↓↓↓

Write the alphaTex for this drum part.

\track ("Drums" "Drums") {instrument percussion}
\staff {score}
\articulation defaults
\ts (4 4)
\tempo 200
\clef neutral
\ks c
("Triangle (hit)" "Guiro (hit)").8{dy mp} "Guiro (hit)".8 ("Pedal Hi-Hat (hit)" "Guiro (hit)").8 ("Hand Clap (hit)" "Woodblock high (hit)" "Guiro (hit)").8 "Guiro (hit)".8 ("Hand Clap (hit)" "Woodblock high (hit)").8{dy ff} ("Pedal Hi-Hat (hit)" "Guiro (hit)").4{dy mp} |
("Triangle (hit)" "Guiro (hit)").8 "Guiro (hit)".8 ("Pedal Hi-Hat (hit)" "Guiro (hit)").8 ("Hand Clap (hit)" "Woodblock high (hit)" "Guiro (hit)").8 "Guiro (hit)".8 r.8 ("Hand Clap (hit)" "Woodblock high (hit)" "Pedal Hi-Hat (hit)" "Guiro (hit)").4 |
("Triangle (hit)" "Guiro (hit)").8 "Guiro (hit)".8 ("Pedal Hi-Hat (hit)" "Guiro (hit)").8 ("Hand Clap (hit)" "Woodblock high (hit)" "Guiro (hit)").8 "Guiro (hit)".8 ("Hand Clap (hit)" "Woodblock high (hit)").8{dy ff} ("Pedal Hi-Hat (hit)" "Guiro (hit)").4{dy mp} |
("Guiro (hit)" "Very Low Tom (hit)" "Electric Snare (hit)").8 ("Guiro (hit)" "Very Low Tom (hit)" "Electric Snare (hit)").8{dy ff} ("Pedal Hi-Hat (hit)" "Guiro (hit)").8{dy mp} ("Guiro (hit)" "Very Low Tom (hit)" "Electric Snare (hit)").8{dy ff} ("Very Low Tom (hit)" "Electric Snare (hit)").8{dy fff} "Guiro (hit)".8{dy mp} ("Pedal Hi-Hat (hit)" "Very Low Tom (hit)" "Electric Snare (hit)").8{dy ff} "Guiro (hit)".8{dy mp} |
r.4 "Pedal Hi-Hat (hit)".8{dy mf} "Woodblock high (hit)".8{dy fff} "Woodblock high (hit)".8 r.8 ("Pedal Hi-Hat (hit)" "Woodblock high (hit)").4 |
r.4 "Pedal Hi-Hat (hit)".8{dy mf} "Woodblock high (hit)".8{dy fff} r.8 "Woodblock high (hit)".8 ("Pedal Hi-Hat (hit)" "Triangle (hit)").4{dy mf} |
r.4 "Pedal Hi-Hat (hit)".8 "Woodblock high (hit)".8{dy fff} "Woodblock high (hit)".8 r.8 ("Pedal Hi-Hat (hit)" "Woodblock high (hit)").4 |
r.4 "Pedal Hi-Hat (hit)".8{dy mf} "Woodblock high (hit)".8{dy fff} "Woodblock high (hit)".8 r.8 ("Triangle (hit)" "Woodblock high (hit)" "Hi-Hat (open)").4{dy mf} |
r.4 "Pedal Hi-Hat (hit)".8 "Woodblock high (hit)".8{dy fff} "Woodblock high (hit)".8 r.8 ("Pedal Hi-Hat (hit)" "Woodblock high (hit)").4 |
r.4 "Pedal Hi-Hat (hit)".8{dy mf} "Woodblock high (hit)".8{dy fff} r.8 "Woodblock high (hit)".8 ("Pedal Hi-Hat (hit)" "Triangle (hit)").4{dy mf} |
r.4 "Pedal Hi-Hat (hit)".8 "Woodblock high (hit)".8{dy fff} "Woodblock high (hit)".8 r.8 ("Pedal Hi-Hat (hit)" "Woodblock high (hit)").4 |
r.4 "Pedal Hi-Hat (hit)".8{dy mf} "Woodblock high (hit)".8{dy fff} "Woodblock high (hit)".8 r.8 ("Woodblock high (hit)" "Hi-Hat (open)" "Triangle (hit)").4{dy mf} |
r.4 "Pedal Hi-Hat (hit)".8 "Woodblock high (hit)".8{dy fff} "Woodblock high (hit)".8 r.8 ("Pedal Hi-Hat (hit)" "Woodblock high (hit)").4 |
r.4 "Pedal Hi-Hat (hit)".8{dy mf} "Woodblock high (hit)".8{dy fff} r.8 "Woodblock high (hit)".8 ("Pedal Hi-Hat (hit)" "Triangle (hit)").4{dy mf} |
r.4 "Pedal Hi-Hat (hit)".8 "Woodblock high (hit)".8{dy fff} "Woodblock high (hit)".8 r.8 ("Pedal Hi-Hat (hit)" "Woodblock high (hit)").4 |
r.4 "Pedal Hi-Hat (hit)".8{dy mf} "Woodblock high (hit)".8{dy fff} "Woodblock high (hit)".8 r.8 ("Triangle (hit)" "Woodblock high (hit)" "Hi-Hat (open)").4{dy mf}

↑↑↑

Repeat each of the records exactly as written.

FINISHED TASK:
Write the alphaTex for this drum part.

\track ("Drums" "Drums") {instrument percussion}
\staff {score}
\articulation defaults
\ts (4 4)
\tempo 200
\clef neutral
\ks c
("Triangle (hit)" "Guiro (hit)").8{dy mp} "Guiro (hit)".8 ("Pedal Hi-Hat (hit)" "Guiro (hit)").8 ("Hand Clap (hit)" "Woodblock high (hit)" "Guiro (hit)").8 "Guiro (hit)".8 ("Hand Clap (hit)" "Woodblock high (hit)").8{dy ff} ("Pedal Hi-Hat (hit)" "Guiro (hit)").4{dy mp} |
("Triangle (hit)" "Guiro (hit)").8 "Guiro (hit)".8 ("Pedal Hi-Hat (hit)" "Guiro (hit)").8 ("Hand Clap (hit)" "Woodblock high (hit)" "Guiro (hit)").8 "Guiro (hit)".8 r.8 ("Hand Clap (hit)" "Woodblock high (hit)" "Pedal Hi-Hat (hit)" "Guiro (hit)").4 |
("Triangle (hit)" "Guiro (hit)").8 "Guiro (hit)".8 ("Pedal Hi-Hat (hit)" "Guiro (hit)").8 ("Hand Clap (hit)" "Woodblock high (hit)" "Guiro (hit)").8 "Guiro (hit)".8 ("Hand Clap (hit)" "Woodblock high (hit)").8{dy ff} ("Pedal Hi-Hat (hit)" "Guiro (hit)").4{dy mp} |
("Guiro (hit)" "Very Low Tom (hit)" "Electric Snare (hit)").8 ("Guiro (hit)" "Very Low Tom (hit)" "Electric Snare (hit)").8{dy ff} ("Pedal Hi-Hat (hit)" "Guiro (hit)").8{dy mp} ("Guiro (hit)" "Very Low Tom (hit)" "Electric Snare (hit)").8{dy ff} ("Very Low Tom (hit)" "Electric Snare (hit)").8{dy fff} "Guiro (hit)".8{dy mp} ("Pedal Hi-Hat (hit)" "Very Low Tom (hit)" "Electric Snare (hit)").8{dy ff} "Guiro (hit)".8{dy mp} |
r.4 "Pedal Hi-Hat (hit)".8{dy mf} "Woodblock high (hit)".8{dy fff} "Woodblock high (hit)".8 r.8 ("Pedal Hi-Hat (hit)" "Woodblock high (hit)").4 |
r.4 "Pedal Hi-Hat (hit)".8{dy mf} "Woodblock high (hit)".8{dy fff} r.8 "Woodblock high (hit)".8 ("Pedal Hi-Hat (hit)" "Triangle (hit)").4{dy mf} |
r.4 "Pedal Hi-Hat (hit)".8 "Woodblock high (hit)".8{dy fff} "Woodblock high (hit)".8 r.8 ("Pedal Hi-Hat (hit)" "Woodblock high (hit)").4 |
r.4 "Pedal Hi-Hat (hit)".8{dy mf} "Woodblock high (hit)".8{dy fff} "Woodblock high (hit)".8 r.8 ("Triangle (hit)" "Woodblock high (hit)" "Hi-Hat (open)").4{dy mf} |
r.4 "Pedal Hi-Hat (hit)".8 "Woodblock high (hit)".8{dy fff} "Woodblock high (hit)".8 r.8 ("Pedal Hi-Hat (hit)" "Woodblock high (hit)").4 |
r.4 "Pedal Hi-Hat (hit)".8{dy mf} "Woodblock high (hit)".8{dy fff} r.8 "Woodblock high (hit)".8 ("Pedal Hi-Hat (hit)" "Triangle (hit)").4{dy mf} |
r.4 "Pedal Hi-Hat (hit)".8 "Woodblock high (hit)".8{dy fff} "Woodblock high (hit)".8 r.8 ("Pedal Hi-Hat (hit)" "Woodblock high (hit)").4 |
r.4 "Pedal Hi-Hat (hit)".8{dy mf} "Woodblock high (hit)".8{dy fff} "Woodblock high (hit)".8 r.8 ("Woodblock high (hit)" "Hi-Hat (open)" "Triangle (hit)").4{dy mf} |
r.4 "Pedal Hi-Hat (hit)".8 "Woodblock high (hit)".8{dy fff} "Woodblock high (hit)".8 r.8 ("Pedal Hi-Hat (hit)" "Woodblock high (hit)").4 |
r.4 "Pedal Hi-Hat (hit)".8{dy mf} "Woodblock high (hit)".8{dy fff} r.8 "Woodblock high (hit)".8 ("Pedal Hi-Hat (hit)" "Triangle (hit)").4{dy mf} |
r.4 "Pedal Hi-Hat (hit)".8 "Woodblock high (hit)".8{dy fff} "Woodblock high (hit)".8 r.8 ("Pedal Hi-Hat (hit)" "Woodblock high (hit)").4 |
r.4 "Pedal Hi-Hat (hit)".8{dy mf} "Woodblock high (hit)".8{dy fff} "Woodblock high (hit)".8 r.8 ("Triangle (hit)" "Woodblock high (hit)" "Hi-Hat (open)").4{dy mf}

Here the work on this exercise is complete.